- How do we best message the support of our community? Most of us at RG are not “the other 99%,” we (or our families) are the 1%. Yet we are in full solidarity with, and a part of, this movement for change too!
- Last night, about a dozen RG community members in New York marched in the massive “Community/Labor March” in solidarity with Occupy Wall Street that drew over 15,000.
- Farhad Ebrahimi, an RG member in Boston, helped support the start-up of Occupy Boston by purchasing tents, tracking down a PA system, and supporting the Media Team.
- This past Saturday, a couple RG members were part of the Brooklyn Bridge march (and ended up spending quality time with the NYPD).

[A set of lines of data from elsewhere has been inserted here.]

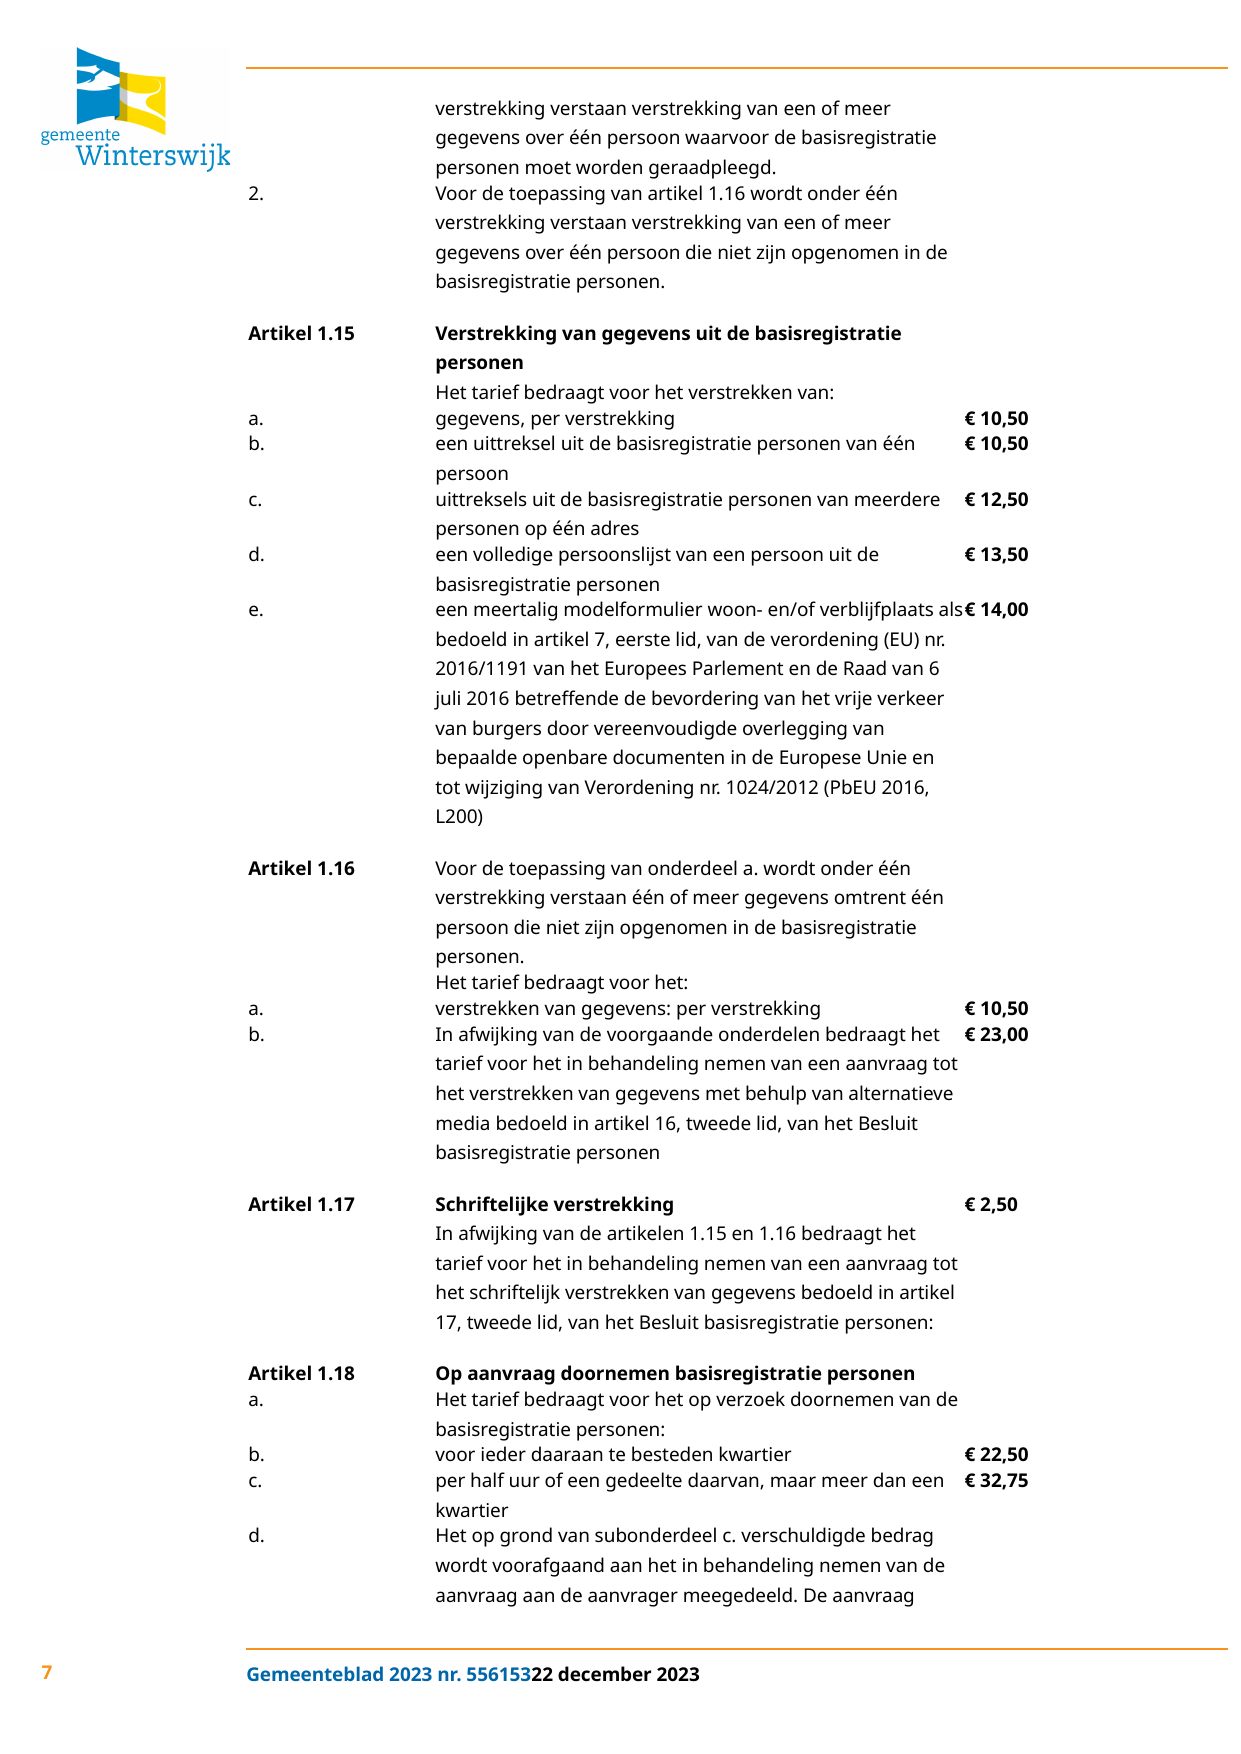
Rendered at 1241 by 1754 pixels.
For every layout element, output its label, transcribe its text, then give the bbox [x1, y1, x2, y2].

table_cell [964, 1361, 1152, 1386]
table_cell € 10,50 [964, 431, 1152, 486]
table_cell Het op grond van subonderdeel c. verschuldigde bedrag wordt voorafgaand aan het in behandeling nemen van de aanvraag aan de aanvrager meegedeeld. De aanvraag [435, 1523, 964, 1607]
table_cell [964, 1523, 1152, 1607]
table_cell [964, 1165, 1152, 1191]
table_cell [964, 970, 1152, 995]
table_cell 2. [248, 180, 435, 294]
table_cell € 10,50 [964, 995, 1152, 1021]
table_cell voor ieder daaraan te besteden kwartier [435, 1442, 964, 1467]
table_cell Het tarief bedraagt voor het: [435, 970, 964, 995]
table_cell [248, 970, 435, 995]
table_cell [435, 1335, 964, 1361]
table_cell een uittreksel uit de basisregistratie personen van één persoon [435, 431, 964, 486]
table_cell Het tarief bedraagt voor het op verzoek doornemen van de basisregistratie personen: [435, 1386, 964, 1442]
table_cell [248, 294, 435, 320]
table_cell Voor de toepassing van artikel 1.16 wordt onder één verstrekking verstaan verstrekking van een of meer gegevens over één persoon die niet zijn opgenomen in de basisregistratie personen. [435, 180, 964, 294]
table_cell c. [248, 486, 435, 541]
table_cell [964, 320, 1152, 405]
table_cell verstrekking verstaan verstrekking van een of meer gegevens over één persoon waarvoor de basisregistratie personen moet worden geraadpleegd. [435, 95, 964, 180]
table_cell [435, 294, 964, 320]
table_cell c. [248, 1467, 435, 1523]
table_cell [435, 829, 964, 855]
table_cell € 13,50 [964, 541, 1152, 596]
table_cell [964, 1386, 1152, 1442]
table_cell Artikel 1.18 [248, 1361, 435, 1386]
table_cell b. [248, 1021, 435, 1165]
table_cell per half uur of een gedeelte daarvan, maar meer dan een kwartier [435, 1467, 964, 1523]
table_cell gegevens, per verstrekking [435, 405, 964, 431]
table_cell d. [248, 541, 435, 596]
table_cell a. [248, 995, 435, 1021]
table_cell Artikel 1.15 [248, 320, 435, 405]
table_cell [435, 1165, 964, 1191]
table_cell In afwijking van de voorgaande onderdelen bedraagt het tarief voor het in behandeling nemen van een aanvraag tot het verstrekken van gegevens met behulp van alternatieve media bedoeld in artikel 16, tweede lid, van het Besluit basisregistratie personen [435, 1021, 964, 1165]
table_cell Artikel 1.16 [248, 855, 435, 969]
table_cell [248, 1165, 435, 1191]
table_cell [964, 95, 1152, 180]
table_cell Artikel 1.17 [248, 1191, 435, 1335]
table_cell Op aanvraag doornemen basisregistratie personen [435, 1361, 964, 1386]
table_cell [248, 1335, 435, 1361]
table_cell b. [248, 1442, 435, 1467]
picture [41, 47, 231, 172]
table_cell [964, 829, 1152, 855]
table_cell a. [248, 405, 435, 431]
table_cell e. [248, 596, 435, 829]
table_cell [964, 855, 1152, 969]
table_cell € 32,75 [964, 1467, 1152, 1523]
table_cell € 23,00 [964, 1021, 1152, 1165]
table_cell verstrekken van gegevens: per verstrekking [435, 995, 964, 1021]
table_cell b. [248, 431, 435, 486]
table_cell Schriftelijke verstrekking In afwijking van de artikelen 1.15 en 1.16 bedraagt het tarief voor het in behandeling nemen van een aanvraag tot het schriftelijk verstrekken van gegevens bedoeld in artikel 17, tweede lid, van het Besluit basisregistratie personen: [435, 1191, 964, 1335]
table_cell € 10,50 [964, 405, 1152, 431]
table_cell [964, 180, 1152, 294]
table_cell € 14,00 [964, 596, 1152, 829]
table_cell uittreksels uit de basisregistratie personen van meerdere personen op één adres [435, 486, 964, 541]
table_cell Verstrekking van gegevens uit de basisregistratie personen Het tarief bedraagt voor het verstrekken van: [435, 320, 964, 405]
table_cell Voor de toepassing van onderdeel a. wordt onder één verstrekking verstaan één of meer gegevens omtrent één persoon die niet zijn opgenomen in de basisregistratie personen. [435, 855, 964, 969]
table_cell € 2,50 [964, 1191, 1152, 1335]
table_cell d. [248, 1523, 435, 1607]
table_cell [964, 294, 1152, 320]
table_cell a. [248, 1386, 435, 1442]
table_cell [964, 1335, 1152, 1361]
table_cell € 22,50 [964, 1442, 1152, 1467]
table_cell een meertalig modelformulier woon- en/of verblijfplaats als bedoeld in artikel 7, eerste lid, van de verordening (EU) nr. 2016/1191 van het Europees Parlement en de Raad van 6 juli 2016 betreffende de bevordering van het vrije verkeer van burgers door vereenvoudigde overlegging van bepaalde openbare documenten in de Europese Unie en tot wijziging van Verordening nr. 1024/2012 (PbEU 2016, L200) [435, 596, 964, 829]
picture [225, 153, 231, 162]
table_cell [248, 829, 435, 855]
table_cell [248, 95, 435, 180]
table_cell een volledige persoonslijst van een persoon uit de basisregistratie personen [435, 541, 964, 596]
table_cell € 12,50 [964, 486, 1152, 541]

- Conversation is flowing about how to use our class (and for some of us, race) privilege in the context of mass mobilization and arrests. We are thinking about how to use ourselves strategically, as people who can afford to pay jail fees, and usually don’t have the same risks of job security and livelihood as folks who are part of communities traditionally more targeted by the police.
- RGers have also provided support in NYC, Boston, and DC in the way of food donations & grocery gift cards, donations to safety/security, like giving to the National Lawyers Guild, and to support local media crews and independent publications.
- There’s been a Facebook thread talking about the language of “occupation,” and some of our own family histories that are wrapped up in legacies of occupation and colonization. Some folks have been talking about how we use our learnings from RG to ensure any solutions for this movement don’t replicate the same violence of our fore bearers.
Curious RG. How are we defining the 1%? I’d love to hear which frame and latest statistics we are harolding. Thanks!